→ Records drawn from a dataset
+ + + + + + +

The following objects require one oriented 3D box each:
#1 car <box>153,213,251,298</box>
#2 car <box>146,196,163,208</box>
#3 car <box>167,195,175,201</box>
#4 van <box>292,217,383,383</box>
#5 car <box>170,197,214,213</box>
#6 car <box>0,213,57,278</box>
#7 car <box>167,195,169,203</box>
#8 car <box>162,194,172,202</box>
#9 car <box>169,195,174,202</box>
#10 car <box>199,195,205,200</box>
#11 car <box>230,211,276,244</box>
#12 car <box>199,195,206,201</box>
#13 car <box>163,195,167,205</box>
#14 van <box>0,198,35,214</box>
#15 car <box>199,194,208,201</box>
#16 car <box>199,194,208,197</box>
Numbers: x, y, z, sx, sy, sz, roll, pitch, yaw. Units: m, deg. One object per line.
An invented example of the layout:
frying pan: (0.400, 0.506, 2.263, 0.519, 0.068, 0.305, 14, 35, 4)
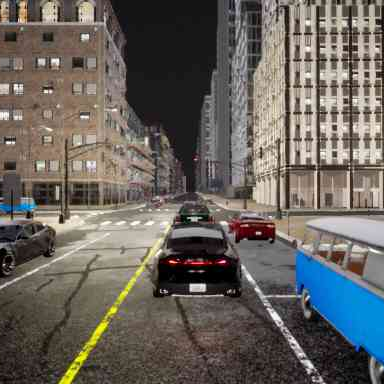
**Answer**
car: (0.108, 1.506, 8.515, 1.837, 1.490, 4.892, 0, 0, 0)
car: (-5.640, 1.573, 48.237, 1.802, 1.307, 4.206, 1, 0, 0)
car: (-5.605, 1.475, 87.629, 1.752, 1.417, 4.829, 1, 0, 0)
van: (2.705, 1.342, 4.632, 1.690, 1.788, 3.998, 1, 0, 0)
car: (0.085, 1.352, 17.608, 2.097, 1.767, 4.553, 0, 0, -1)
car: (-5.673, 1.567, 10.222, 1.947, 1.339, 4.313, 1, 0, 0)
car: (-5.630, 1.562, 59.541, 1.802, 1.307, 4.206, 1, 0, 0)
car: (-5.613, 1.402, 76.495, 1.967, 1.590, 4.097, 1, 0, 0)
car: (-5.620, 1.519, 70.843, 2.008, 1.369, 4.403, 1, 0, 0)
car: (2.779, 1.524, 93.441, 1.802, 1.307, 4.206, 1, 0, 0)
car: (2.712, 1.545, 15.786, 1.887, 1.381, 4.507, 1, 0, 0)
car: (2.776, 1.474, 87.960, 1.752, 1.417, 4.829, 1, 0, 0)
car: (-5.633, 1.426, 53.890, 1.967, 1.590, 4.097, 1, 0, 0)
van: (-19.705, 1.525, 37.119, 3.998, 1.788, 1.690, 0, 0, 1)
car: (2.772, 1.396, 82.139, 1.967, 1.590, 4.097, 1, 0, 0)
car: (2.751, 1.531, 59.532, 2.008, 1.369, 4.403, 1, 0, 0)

+ + + + + + +

→ ASSIGNMENT
Please give back the records exactly as written, beginning at the first line and including the line that holds "#7 car <box>167,195,169,203</box>" as the last.

→ EXERCISE SOLUTION
The following objects require one oriented 3D box each:
#1 car <box>153,213,251,298</box>
#2 car <box>146,196,163,208</box>
#3 car <box>167,195,175,201</box>
#4 van <box>292,217,383,383</box>
#5 car <box>170,197,214,213</box>
#6 car <box>0,213,57,278</box>
#7 car <box>167,195,169,203</box>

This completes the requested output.